= Minimum Conditions and Performance Measures =

Minimum Conditions and Performance Measures, popularly known as MCPM, are criteria of evaluating the performance of the local government bodies (District Development Committees and Municipalities) while the for the Village Development Committees it is limited to Minimum Conditions (MC) only except few those where Performance Measure (PM) has been piloted. MCPM is an undertaking of the Government of Nepal's Local Bodies Fiscal Commission. Minimum Conditions Performance Measure (MCPM) is a system of measuring the performance of local bodies on the basis of certain set standards and tie up the block grants and revenue sharing with their performance result.

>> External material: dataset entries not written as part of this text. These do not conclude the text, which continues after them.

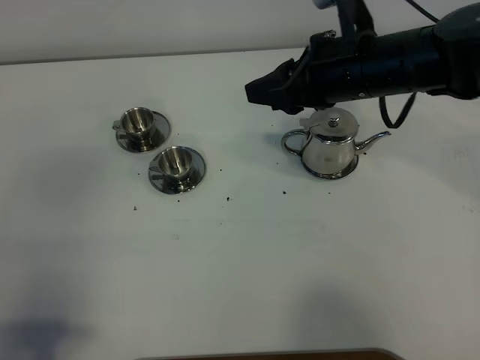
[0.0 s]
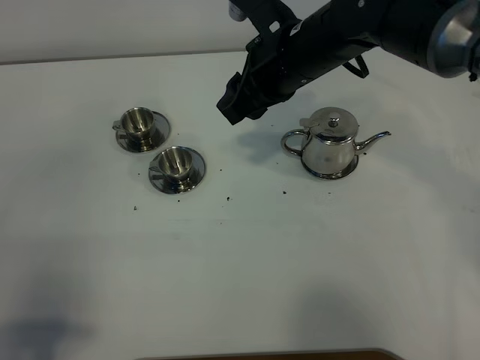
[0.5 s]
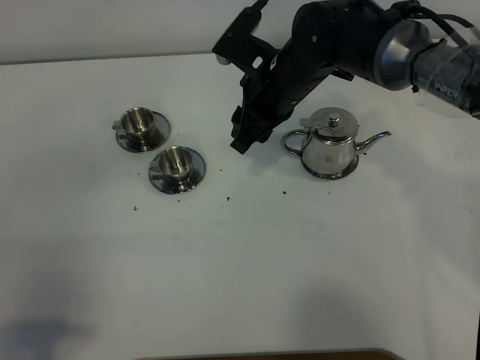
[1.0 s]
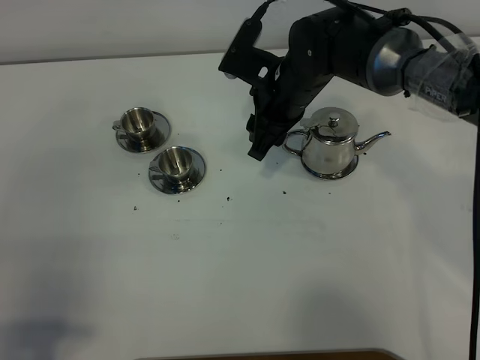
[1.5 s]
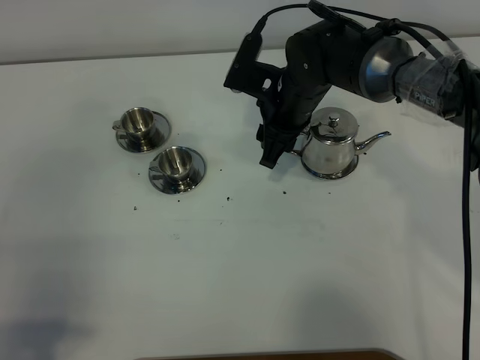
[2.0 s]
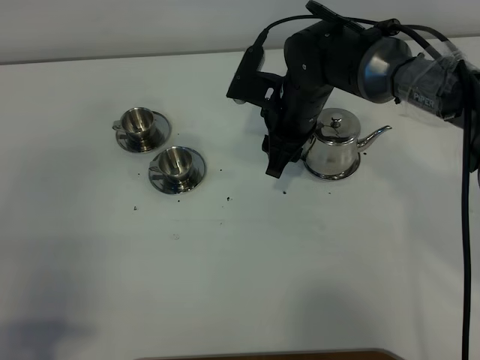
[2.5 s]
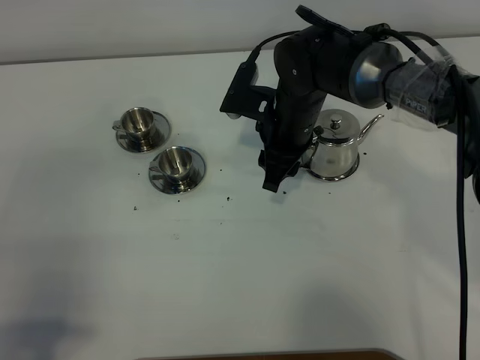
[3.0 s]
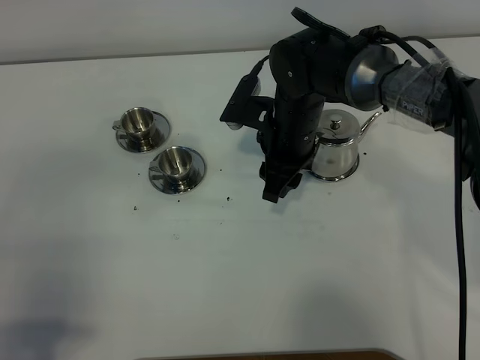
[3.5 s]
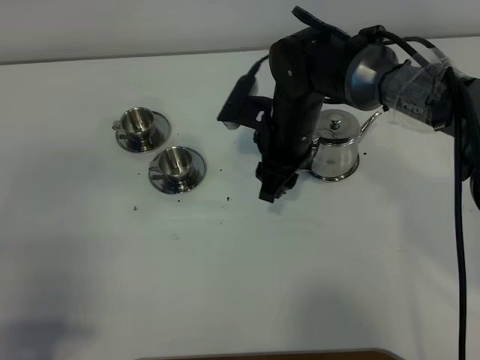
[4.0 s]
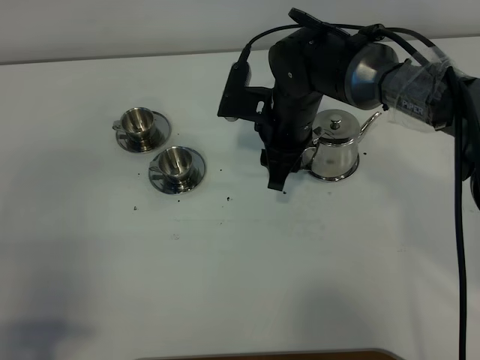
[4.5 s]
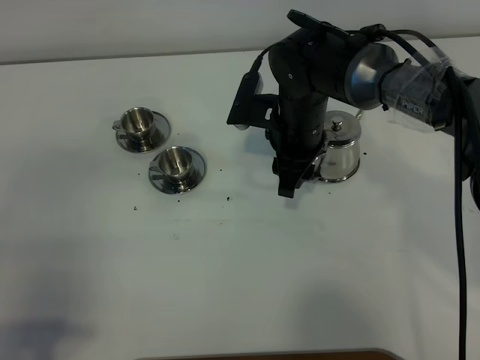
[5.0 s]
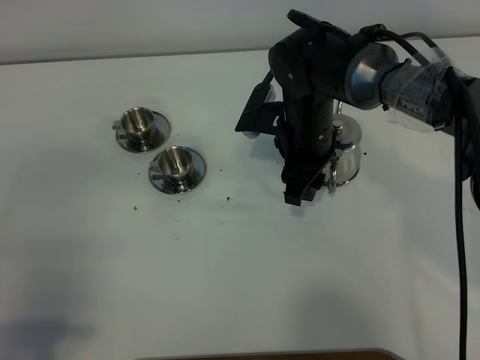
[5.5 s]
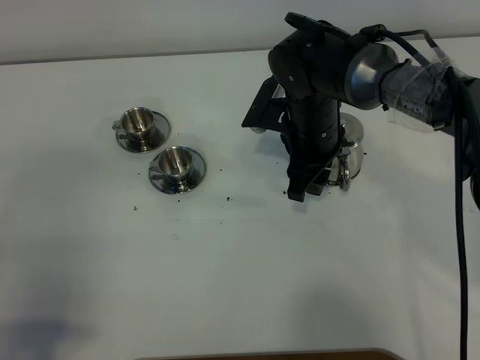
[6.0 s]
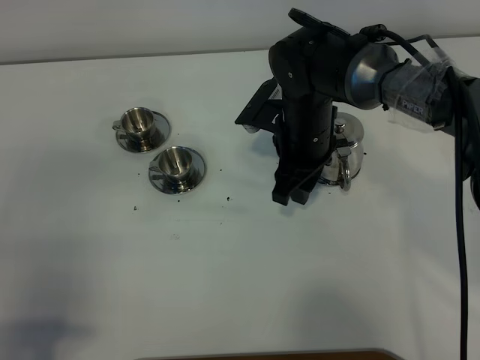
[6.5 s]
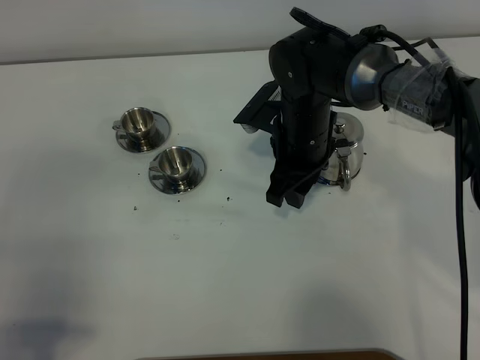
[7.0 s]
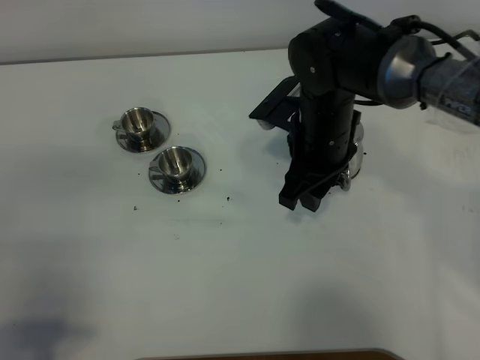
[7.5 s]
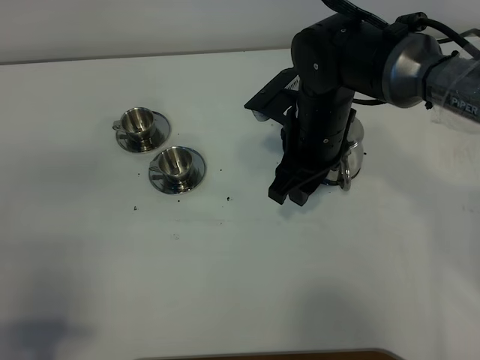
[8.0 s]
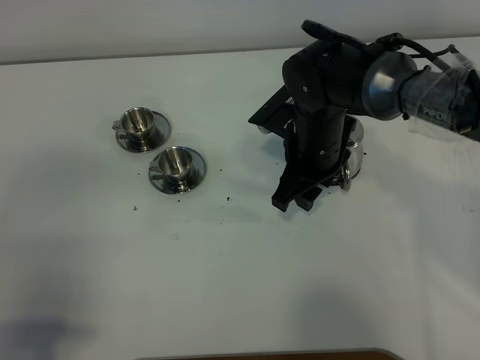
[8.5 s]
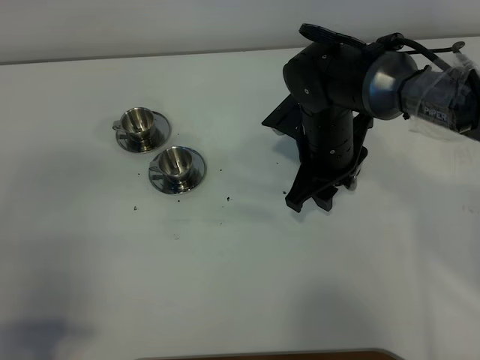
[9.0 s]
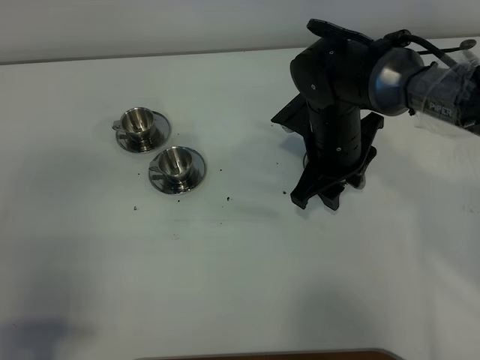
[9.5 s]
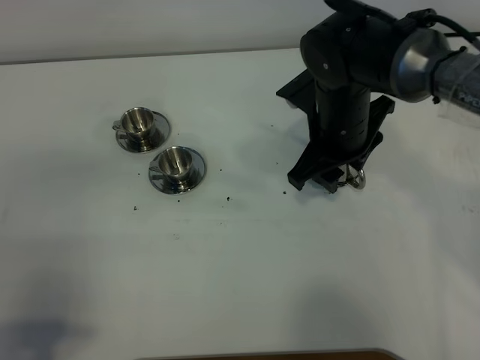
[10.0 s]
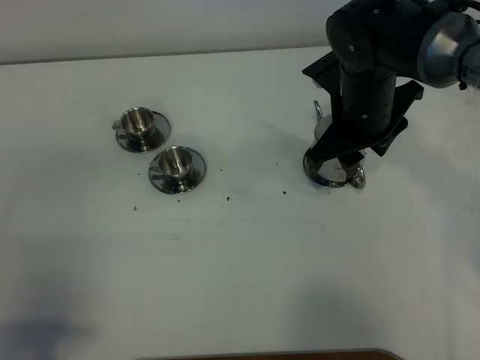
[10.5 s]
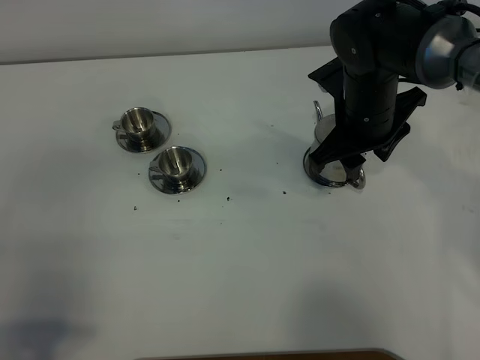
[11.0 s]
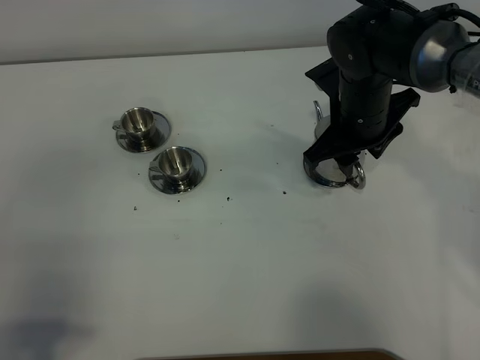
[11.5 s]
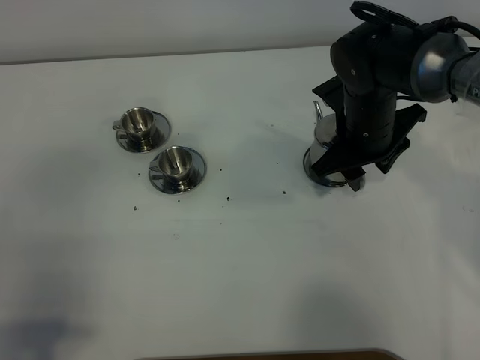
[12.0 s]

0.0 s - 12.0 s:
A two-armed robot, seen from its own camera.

Every year Nepalese government conduct MCPM “Minimum Conditions and Performance Measurement” for its local bodies namely, District Development Committees (DDCs), Municipalities and Village Development Committees (VDCs) as a basis to determine the minimum criteria met by those local bodies for the next year’s budget and program allocation from the central government. Alongside the Minimum Conditions (MC), there is another part Performance Measurement (PM) – whatever the terms are they both aid LBs in gaining monetary and other support from the government if they met MC or score higher on the rank or the budget grant is deducted if any LBs fail to meet MC/PM.

MCPM results for VDCs, DDCs and Municipalities are published annually at LBFC's official website. The result analysis is available at the same web page.